Despite historical injustices that Karnataka has suffered, which have been well-chronicled, the state had lost the battle of perception a long time ago. And now, with the Centre notifying the ‘final award’ of the Cauvery Water Disputes Tribunal, which is substantially favourable to Tamil Nadu, Karnataka has virtually lost the war as well.

Purely academically, any independent, fair-minded and perspective analyst who bothers to peruse the long history of the Cauvery river dispute between Karnataka and Tamil Nadu over the last 130 years or so will readily agree that Karnataka has repeatedly taken blows and it has been more sinned against than sinning. But unfortunately, the general perception in the country is that of a ‘quarrelsome’ state which refuses to share water and live peacefully with its ‘long-suffering’ neighbour.
Being a lower riparian state, Tamil Nadu has always drawn public sympathy by accusing Karnataka of not releasing adequate water to save its ‘standing crops’ and ‘harassing’ its farmers. It was easy to convince those unaware of the history of the dispute that being an upper riparian state, Karnataka was unreasonable in simply hoarding water when the crops withered downstream. “Why is Karnataka being so adamant?” was a common-enough refrain in New Delhi and elsewhere. The question being simple, but the answer much more complicated requiring patience to understand it (which very few will have), it was clear Tamil Nadu had won a tactical battle and Karnataka’s only hope was that it will get a judicial verdict which would be far more kinder to it.

Therefore, when the tribunal was set up in 1990, Karnataka had hoped that a body of three judicial minds would carefully examine how one-sided ‘agreements’ were thrust upon the then Maharaja of Mysore --a subordinate to the British Crown -- by the Presidency of Madras. For instance, when Mysore sought to construct the Kannambadi dam to impound 44 tmc of water (now Krishnasagar -- KRS), the matter was refered to Sir Griffin, then judge of Allahabad high court for arbitration. Sir Griffin passed a judicial award allowing Karnataka to build the dam, but the Secretary of State of India in London intervened on behalf of the Presidency of Madras to stay the  award. It was permitted only after the Maharaja signed the 1924 Agreement allowing Madras to build a dam at Mettur to store 93 tmc of water!

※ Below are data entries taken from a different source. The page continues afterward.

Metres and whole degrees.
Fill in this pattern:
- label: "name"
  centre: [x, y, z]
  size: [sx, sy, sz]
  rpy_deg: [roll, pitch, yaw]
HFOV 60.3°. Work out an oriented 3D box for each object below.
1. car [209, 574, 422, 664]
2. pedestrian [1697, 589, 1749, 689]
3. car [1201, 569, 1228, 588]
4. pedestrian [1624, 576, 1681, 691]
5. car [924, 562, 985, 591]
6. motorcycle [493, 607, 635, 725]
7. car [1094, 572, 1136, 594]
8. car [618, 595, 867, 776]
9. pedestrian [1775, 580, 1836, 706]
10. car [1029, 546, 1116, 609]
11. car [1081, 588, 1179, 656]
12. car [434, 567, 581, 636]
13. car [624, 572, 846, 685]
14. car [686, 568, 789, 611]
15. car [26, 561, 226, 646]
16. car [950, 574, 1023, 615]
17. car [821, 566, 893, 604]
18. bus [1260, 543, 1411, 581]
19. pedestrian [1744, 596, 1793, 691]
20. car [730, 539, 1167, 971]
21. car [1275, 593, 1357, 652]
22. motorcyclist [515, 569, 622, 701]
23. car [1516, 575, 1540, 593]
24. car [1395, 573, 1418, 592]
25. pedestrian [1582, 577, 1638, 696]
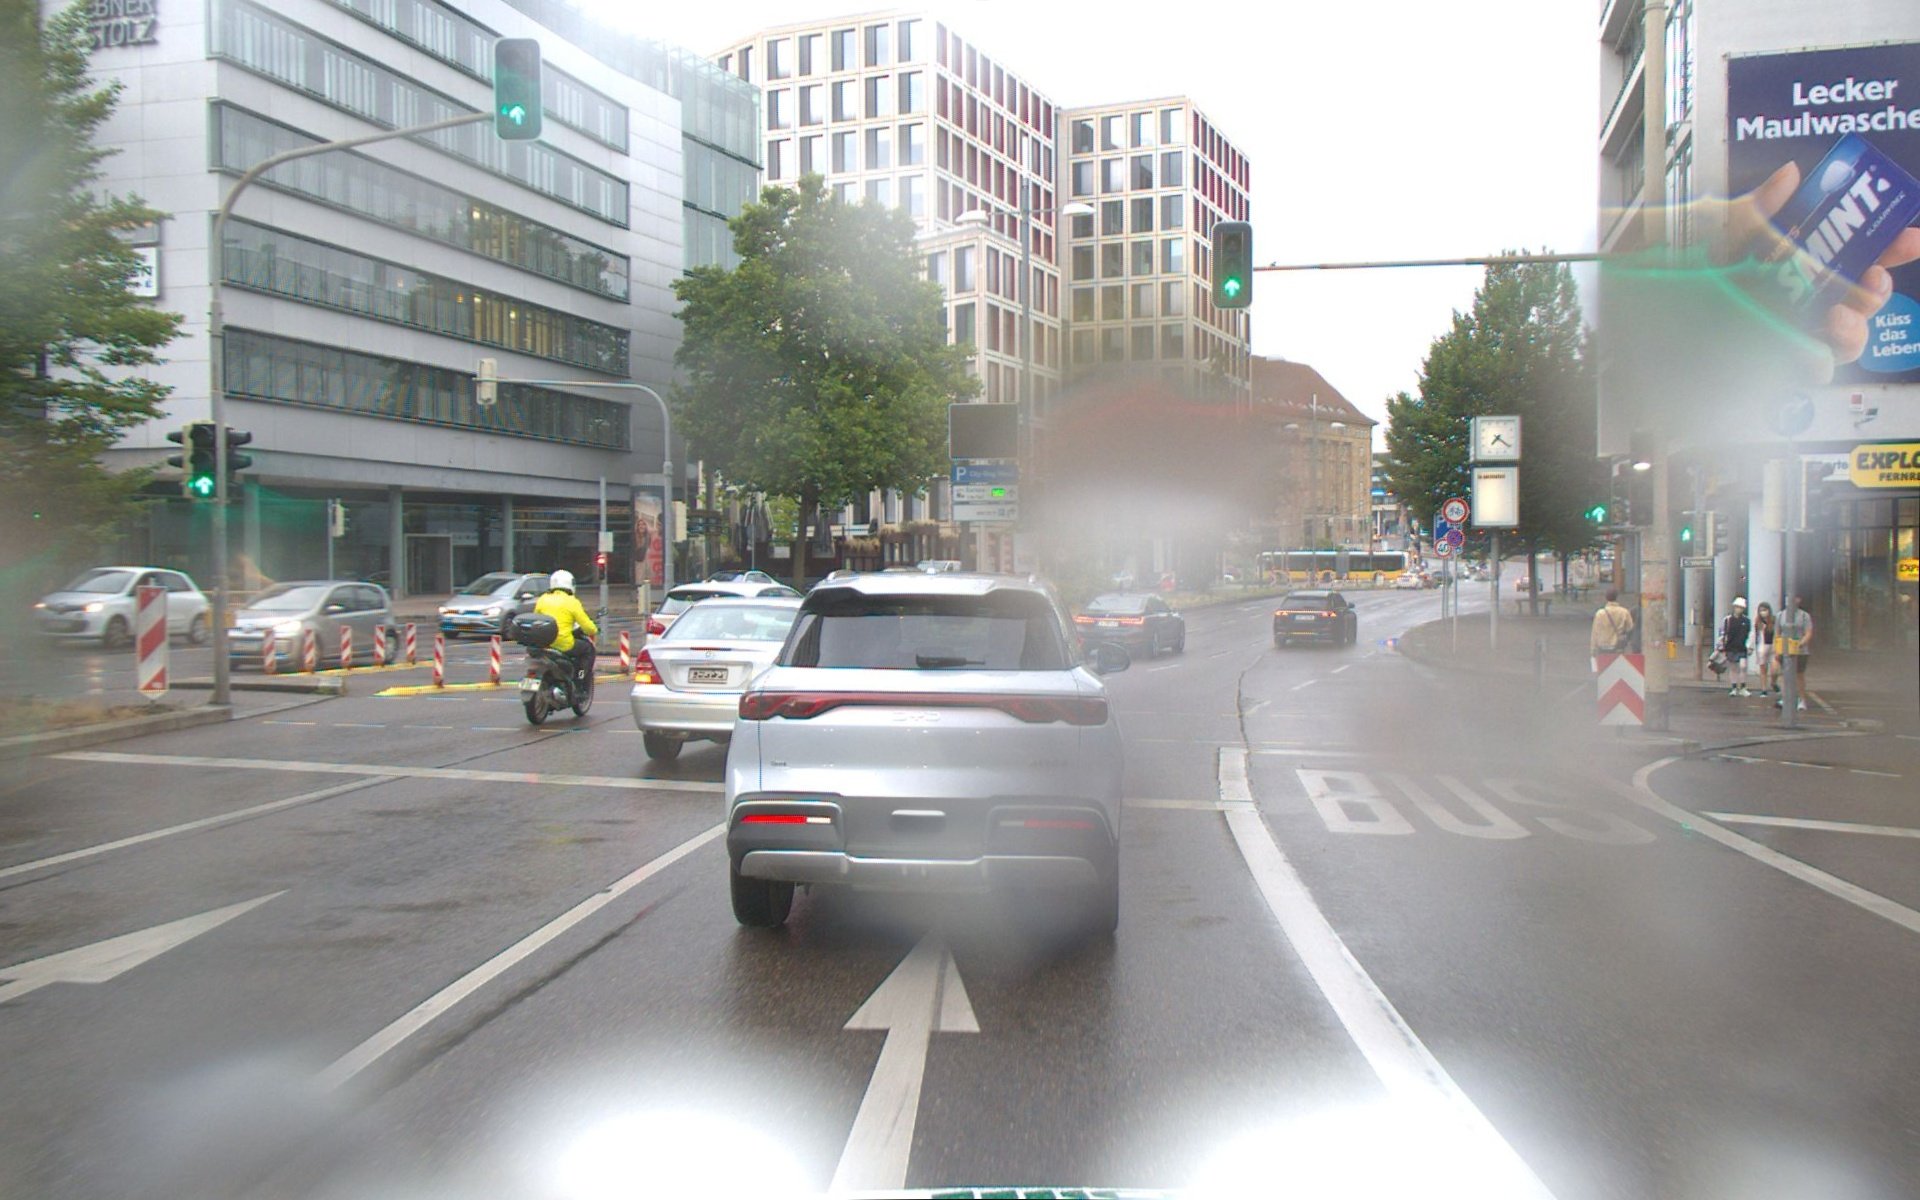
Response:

After the formation of the tribunal, it was also hoped that it would look at how Karnataka was continually prevented from building dams and irrigation canals to use the water flowing in its territory. That it would take into consideration Karnataka’s substantial contribution to the yield of 392 tmc as against 222 tmc by Tamil Nadu and Pondicherry put together, and its drought-prone areas in the basin being 21,870 sq km as compared to 12,790 sq km of the latter and so on. But, in the end, the tribunal—which was riven by dissentions and human frailties—took 16 long years to come up with a flawed ‘award’ which is being questioned by all parties to the dispute before the Supreme Court.

Under pressure

But Tamil Nadu is celebrating the fact that the Centre, under pressure from the Supreme Court, has notified the final award of the tribunal and it has also indicated that it will be accepting the tribunal’s recommendation to set up a Cauvery Management Board (CMB) and a Cauvery Water Regulation Committee on the lines of Bhakra Beas Management Board for implementation of the order.

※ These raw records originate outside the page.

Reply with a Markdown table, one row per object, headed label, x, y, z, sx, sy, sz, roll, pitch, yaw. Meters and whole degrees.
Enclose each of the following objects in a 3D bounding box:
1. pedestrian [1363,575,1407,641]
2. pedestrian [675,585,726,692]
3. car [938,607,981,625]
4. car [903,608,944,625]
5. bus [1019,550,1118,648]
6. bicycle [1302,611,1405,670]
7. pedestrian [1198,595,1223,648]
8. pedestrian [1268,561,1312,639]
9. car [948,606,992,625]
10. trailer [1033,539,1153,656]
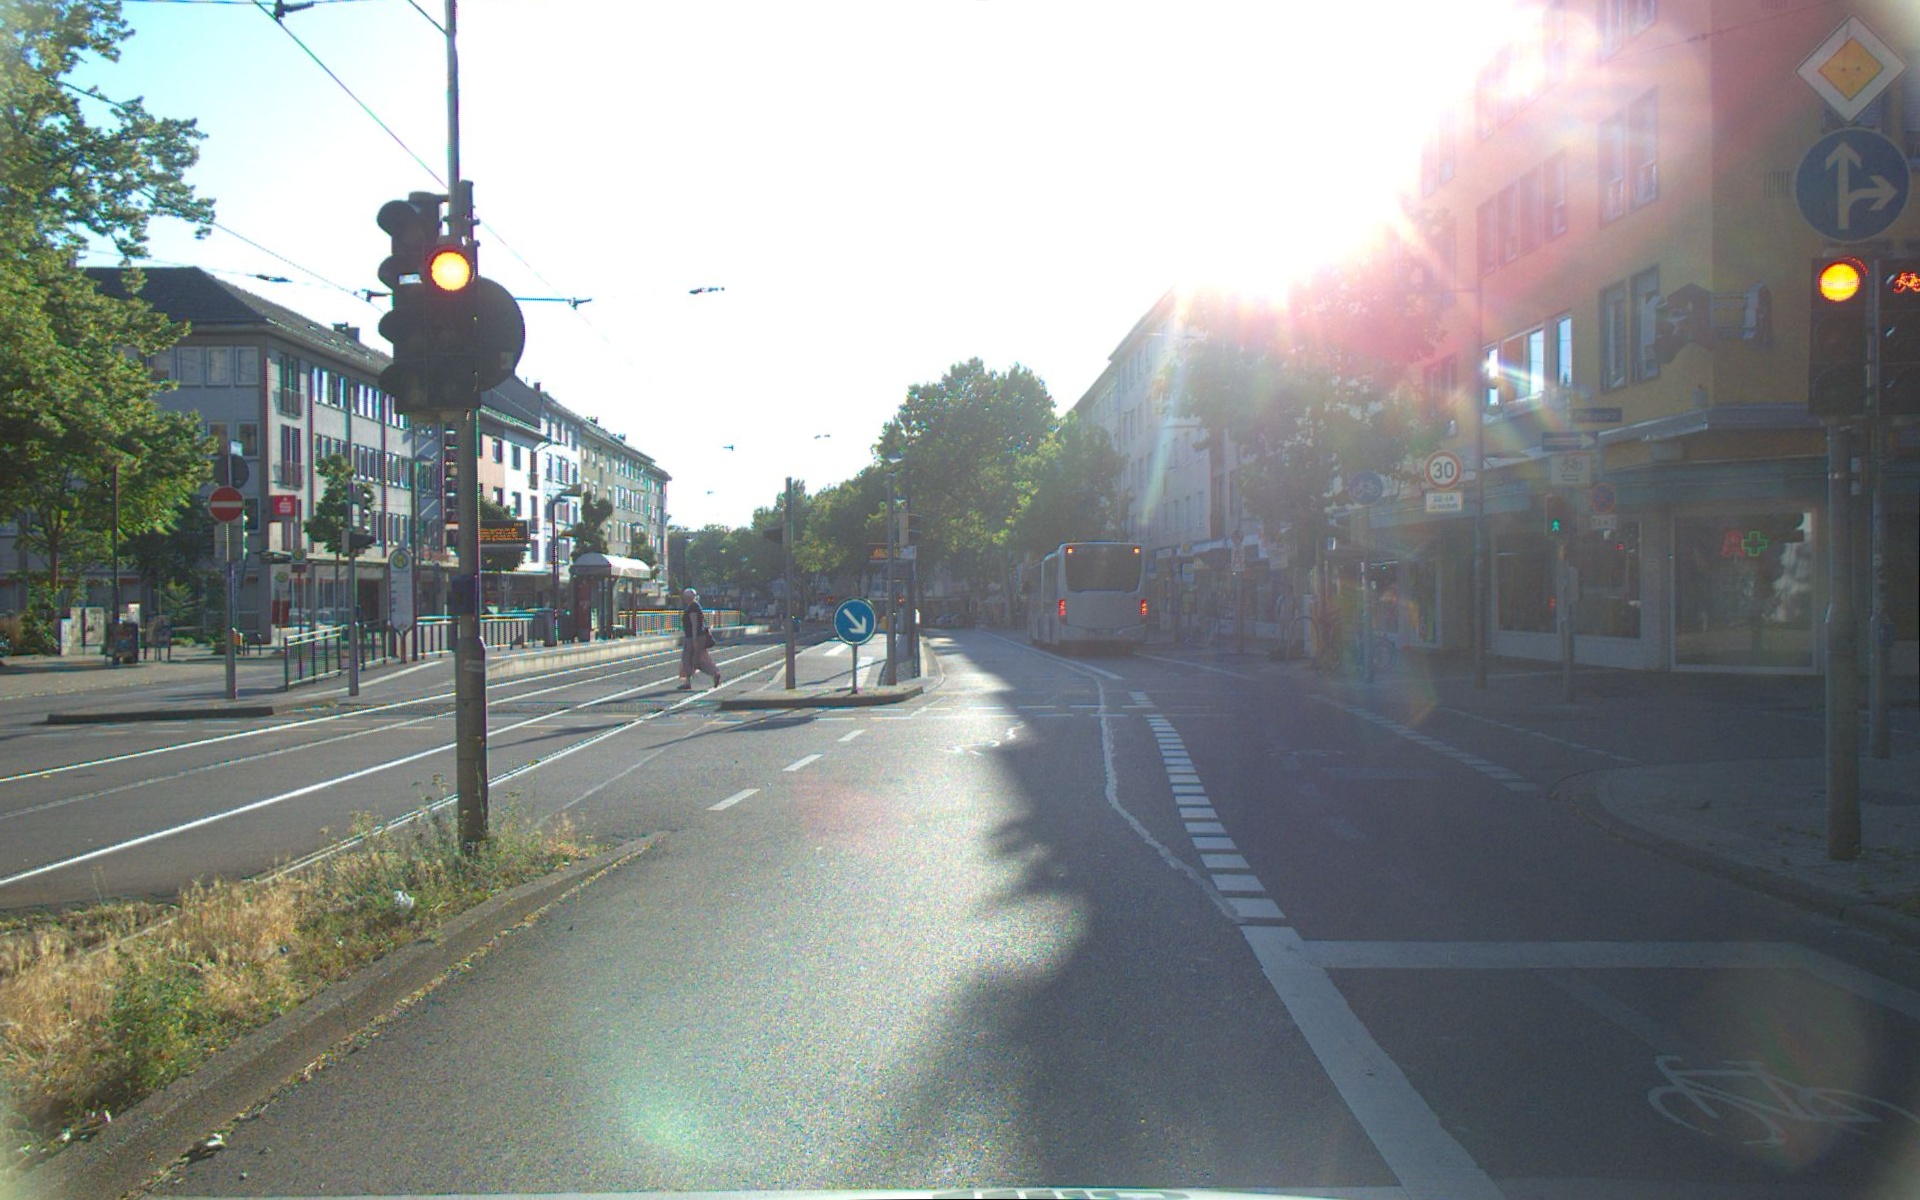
| label | x | y | z | sx | sy | sz | roll | pitch | yaw |
| --- | --- | --- | --- | --- | --- | --- | --- | --- | --- |
| pedestrian | 13.522 | 0.253 | 52.627 | 0.981 | 2.049 | 0.916 | -1 | 0 | -39 |
| pedestrian | -4.547 | 0.662 | 29.006 | 0.666 | 1.801 | 0.687 | -4 | 0 | 0 |
| car | -0.031 | 1.550 | 161.345 | 3.848 | 1.729 | 1.815 | -1 | 0 | -30 |
| car | -3.686 | 1.621 | 166.302 | 3.848 | 1.624 | 1.674 | -1 | 0 | -30 |
| bus | 3.738 | -0.031 | 58.986 | 2.755 | 3.156 | 9.092 | 1 | 0 | -1 |
| bicycle | 7.468 | 0.760 | 31.432 | 1.737 | 1.039 | 0.694 | -2 | 0 | -2 |
| pedestrian | 7.926 | 0.687 | 52.413 | 0.662 | 1.656 | 0.655 | 1 | 0 | 0 |
| pedestrian | 8.821 | 0.006 | 44.258 | 0.934 | 2.049 | 0.917 | 1 | 0 | -3 |
| car | 0.996 | 1.503 | 158.708 | 3.848 | 1.729 | 1.815 | -1 | 0 | -30 |
| trailer | 3.870 | -0.058 | 50.076 | 2.755 | 3.165 | 8.792 | 1 | 0 | -1 |

Karnataka has opposed the creation of the board and has appealed to the prime minister against it. But it is highly unlikely that Centre will heed to its demand. So when the board, which will consist of irrigation experts and officials from all four states, besides officials of the Union water resources ministry, comes into existence, it will take control of the supervision and monitoring of the release of water from all the reservoirs in the Cauvery basin and the irrigation activities in the basin areas.

The CMB will supervise the weekly and monthly releases as stipulated by the tribunal and Karnataka is expected to ensure 192 tmc of water to Tamil Nadu every year at the inter-state border point of Biligundlu. Though the tribunal has allowed Karnataka to grow crops in 18.85 lakh acres as against 24.71 lakh acres in Tamil Nadu, the problem will arise in the drought years as the tribunal has substantially reduced the intra-basin availability of water in Karnataka to meet the ‘prescriptive rights’ of the Tamil Nadu farmers.

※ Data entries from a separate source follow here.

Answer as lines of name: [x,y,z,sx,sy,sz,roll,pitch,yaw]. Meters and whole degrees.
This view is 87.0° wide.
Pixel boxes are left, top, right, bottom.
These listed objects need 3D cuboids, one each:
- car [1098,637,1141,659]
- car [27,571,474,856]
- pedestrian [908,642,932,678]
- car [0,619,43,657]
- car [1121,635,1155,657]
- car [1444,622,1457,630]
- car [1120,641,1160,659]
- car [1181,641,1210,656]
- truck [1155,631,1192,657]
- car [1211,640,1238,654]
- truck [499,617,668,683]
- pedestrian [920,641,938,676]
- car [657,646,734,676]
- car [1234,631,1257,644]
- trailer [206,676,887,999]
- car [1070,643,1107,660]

While the crop cultivation in Karnataka is bound to suffer, the most unkindest ‘judgment’ of the tribunal is to allocate only 8.75 tmc of water for drinking purposes in towns and cities of Karnataka in the basin, including Bangalore city, though the need is for 52 tmc for the projected population of 2025. With a burgeoning population, Bangalore’s current requirement itself is around 24 tmc, but the tribunal in its wisdom has allocated 1.89 tmc, holding that “two-thirds of the city falls outside the Cauvery basin.”

The tribunal should have recognised that access to drinking water always gets a priority worldwide and in fact, this right is recognised under Article 21 of the Constitution. It does not depend on the hydrological boundaries of the basin. As a matter of fact, Delhi which is part of the Yumuma basin, gets a good part of its requirement from the Ravi Beas basin which is about 400 km away. There is also the fine example of Karnataka, Andhra Pradesh and Maharashtra agreeing to part with 15 tmc of their allocated water in the Krishna river to meet the drinking water requirement of water-starved Madras city under the Telugu-Ganga project in 1978.
The special leave petition that Karnataka has filed before the Supreme Court makes a detailed presentation of the extreme hardship that the people will suffer with the implementation of the tribunal’s award, and the apex court bench is the last ray of hope for the state.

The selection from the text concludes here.